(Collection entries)
== == ==

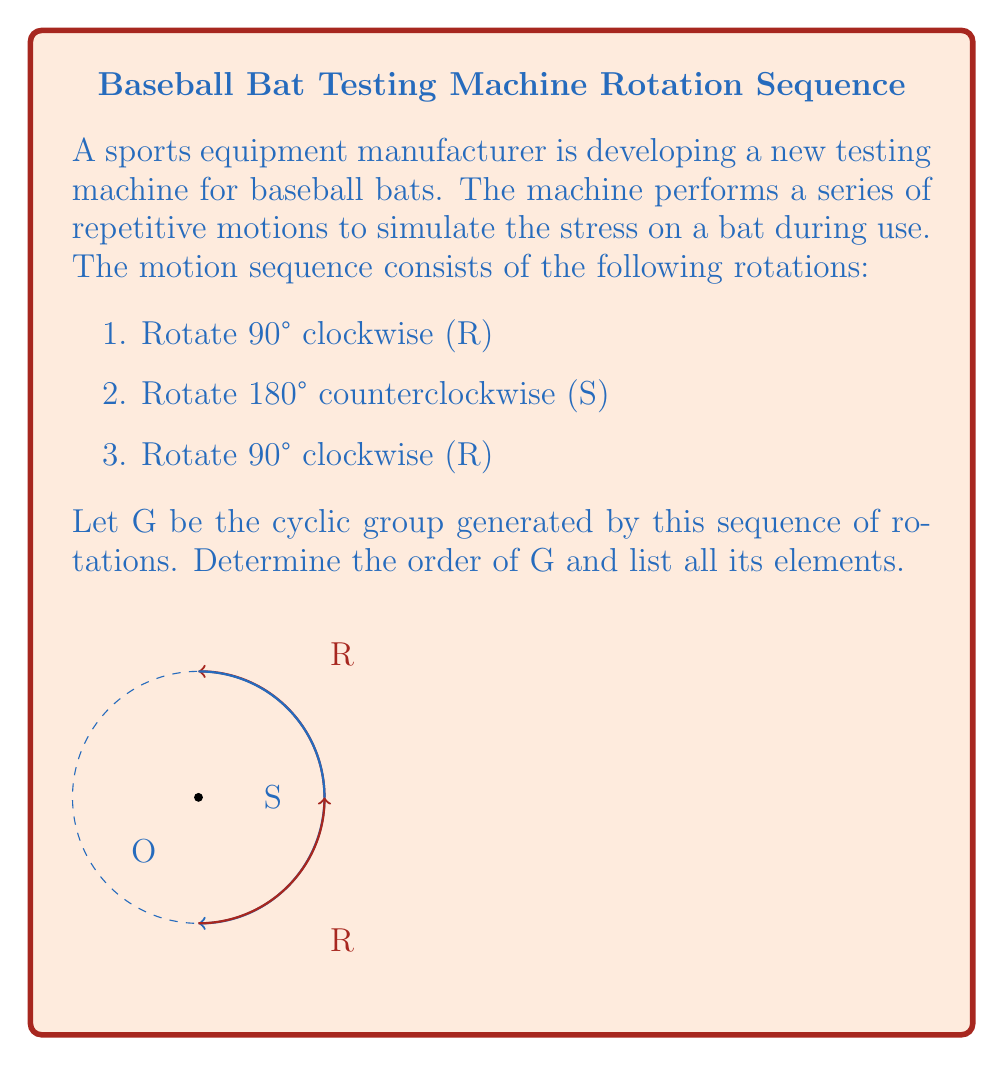What is the answer to this math problem? Let's approach this step-by-step:

1) First, we need to determine the net rotation of the sequence RSR:
   $R: 90°$ clockwise
   $S: 180°$ counterclockwise = $-180°$
   $R: 90°$ clockwise
   
   Net rotation = $90° + (-180°) + 90° = 0°$

2) This means that the sequence RSR is equivalent to the identity element, which we'll call e.

3) To find the elements of the group, let's see what happens when we apply the sequence multiple times:
   
   $(RSR)^1 = e$
   $(RSR)^2 = e$
   $(RSR)^3 = e$
   and so on...

4) No matter how many times we apply RSR, we always get back to the identity element.

5) Therefore, the group G consists of only one element: the identity element e.

6) The order of a group is the number of elements in the group. In this case, |G| = 1.

Thus, G is the trivial group, containing only the identity element.
Answer: $|G| = 1$, $G = \{e\}$ 
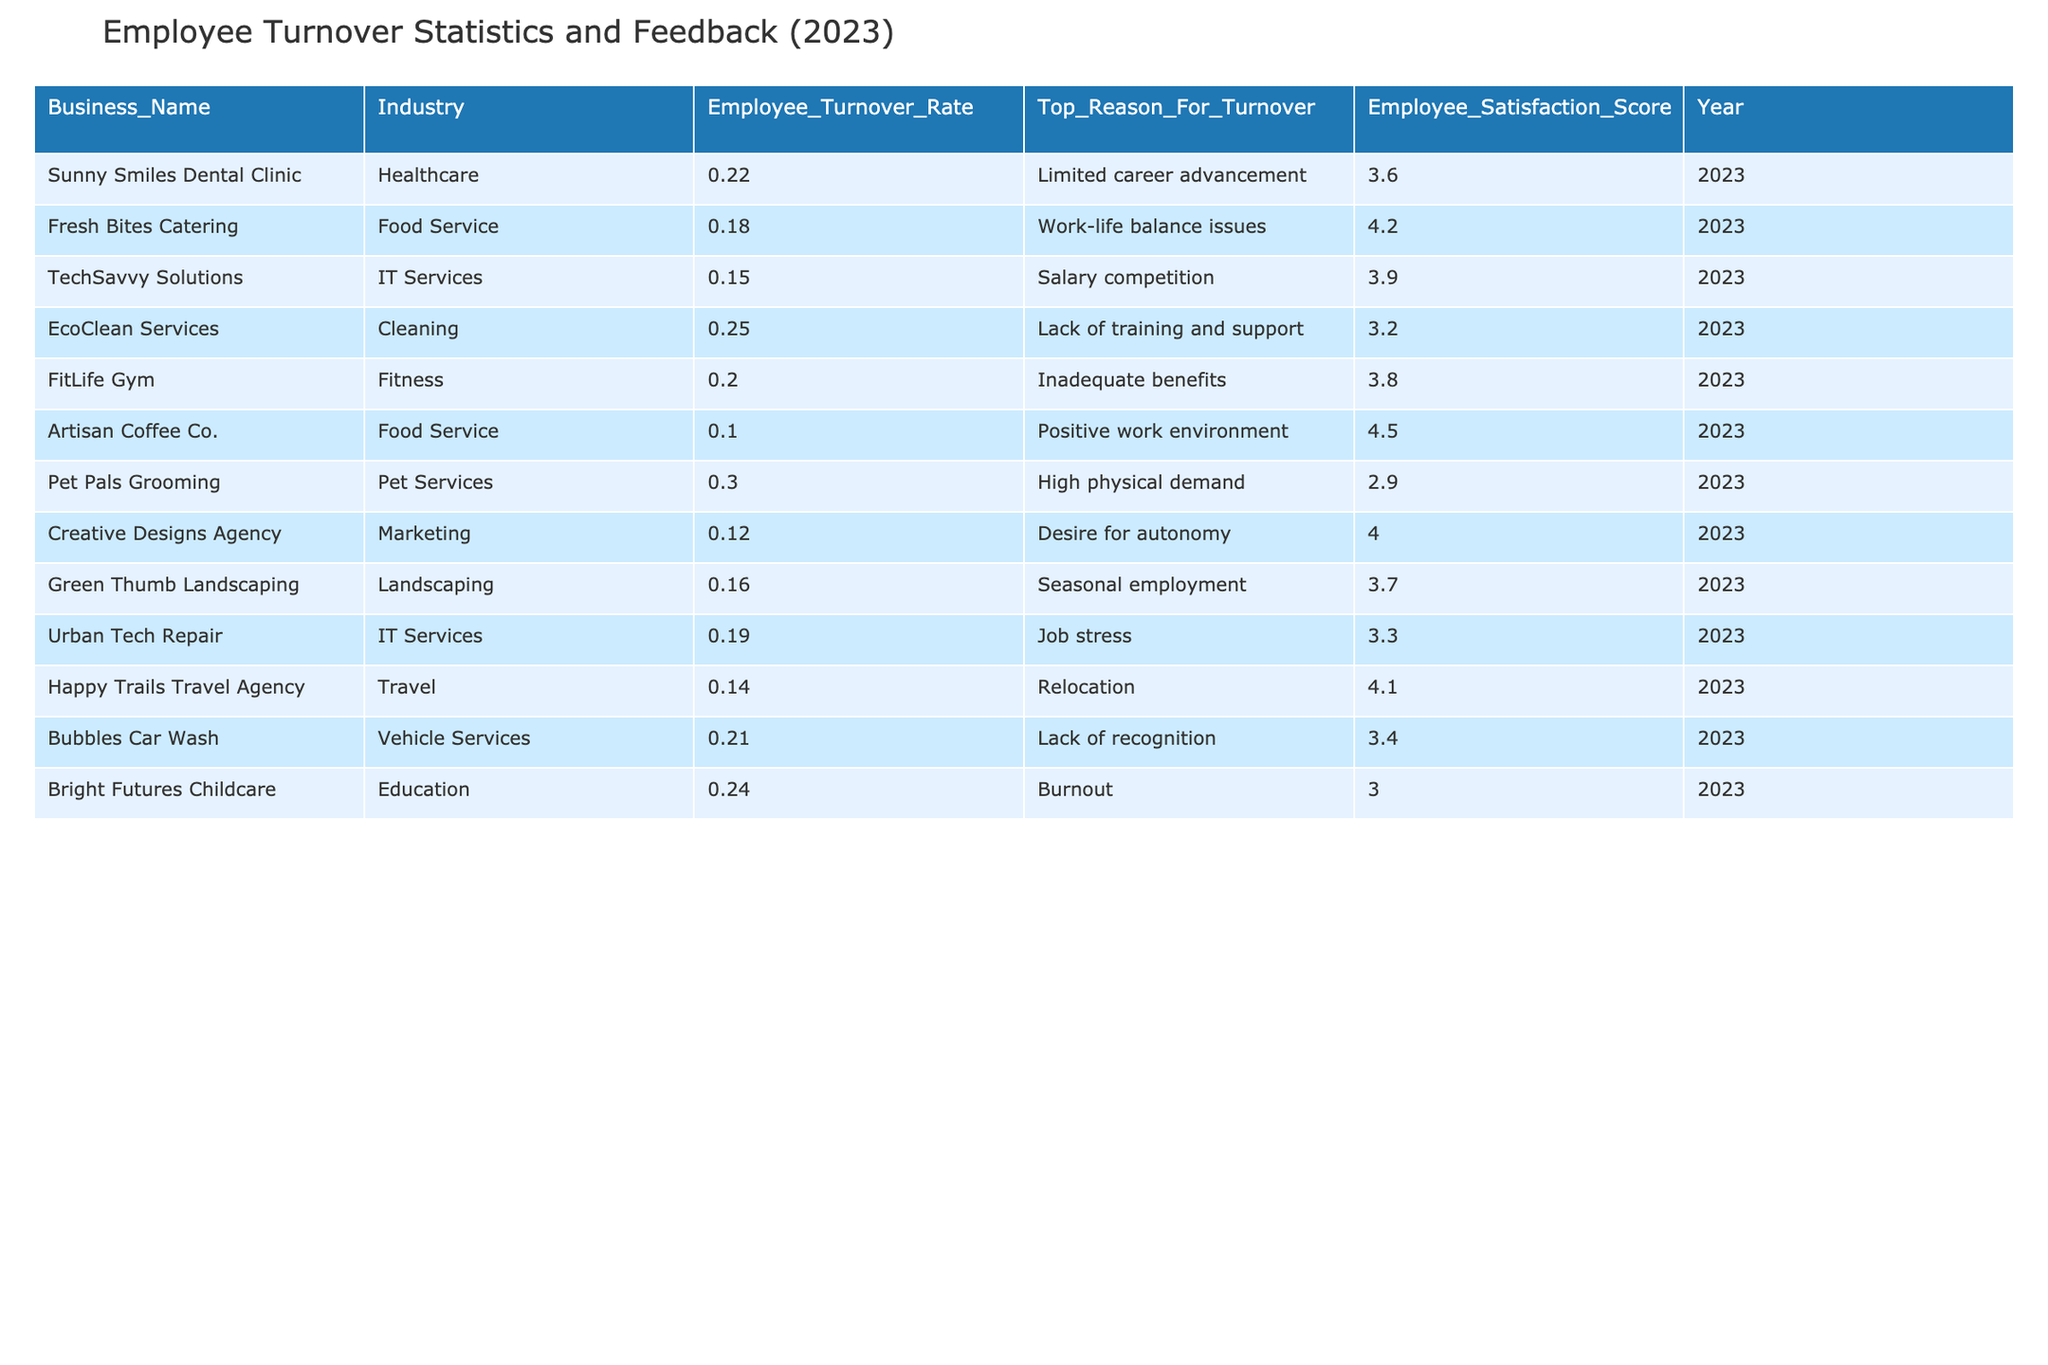What is the employee turnover rate for Artisan Coffee Co.? Looking at the table, the row for Artisan Coffee Co. shows an employee turnover rate of 10%.
Answer: 10% Which business has the highest employee turnover rate? By scanning through the table, I can see that Pet Pals Grooming has the highest turnover rate at 30%.
Answer: 30% What is the employee satisfaction score for EcoClean Services? In the table, the employee satisfaction score for EcoClean Services is listed as 3.2.
Answer: 3.2 What is the average employee turnover rate for the Food Service industry? To find the average, we look at the turnover rates for both Fresh Bites Catering (18%) and Artisan Coffee Co. (10%). So, (18 + 10) / 2 = 14%.
Answer: 14% Is the top reason for turnover at TechSavvy Solutions related to salary? The top reason for turnover at TechSavvy Solutions is listed as "Salary competition," which indicates a yes.
Answer: Yes Which business has the lowest employee satisfaction score, and what is that score? By analyzing the table, Bright Futures Childcare has the lowest satisfaction score, which is 3.0.
Answer: 3.0 How many businesses report "work-life balance issues" as a top reason for turnover? The only business that reports "work-life balance issues" is Fresh Bites Catering, making it one business.
Answer: 1 Which industry's businesses have an average satisfaction score below 3.5? Looking at the scores, EcoClean Services (3.2), Pet Pals Grooming (2.9), and Bright Futures Childcare (3.0) all belong to industries with average satisfaction scores below 3.5. Thus, the Cleaning and Pet Services industries both qualify.
Answer: Cleaning and Pet Services What is the difference in employee turnover rates between Urban Tech Repair and Creative Designs Agency? The turnover rate for Urban Tech Repair is 19%, and for Creative Designs Agency, it is 12%. Thus, the difference is 19 - 12 = 7%.
Answer: 7%

== == ==

> TASK DESCRIPTION
From the first line above down to the line with "Net rotation = $90° + (-180°) + 90° = 0°$", reproduce every line and no others, omitting pictures.

> SOLUTION FOR THIS PROBLEM
What is the answer to this math problem? Let's approach this step-by-step:

1) First, we need to determine the net rotation of the sequence RSR:
   $R: 90°$ clockwise
   $S: 180°$ counterclockwise = $-180°$
   $R: 90°$ clockwise
   
   Net rotation = $90° + (-180°) + 90° = 0°$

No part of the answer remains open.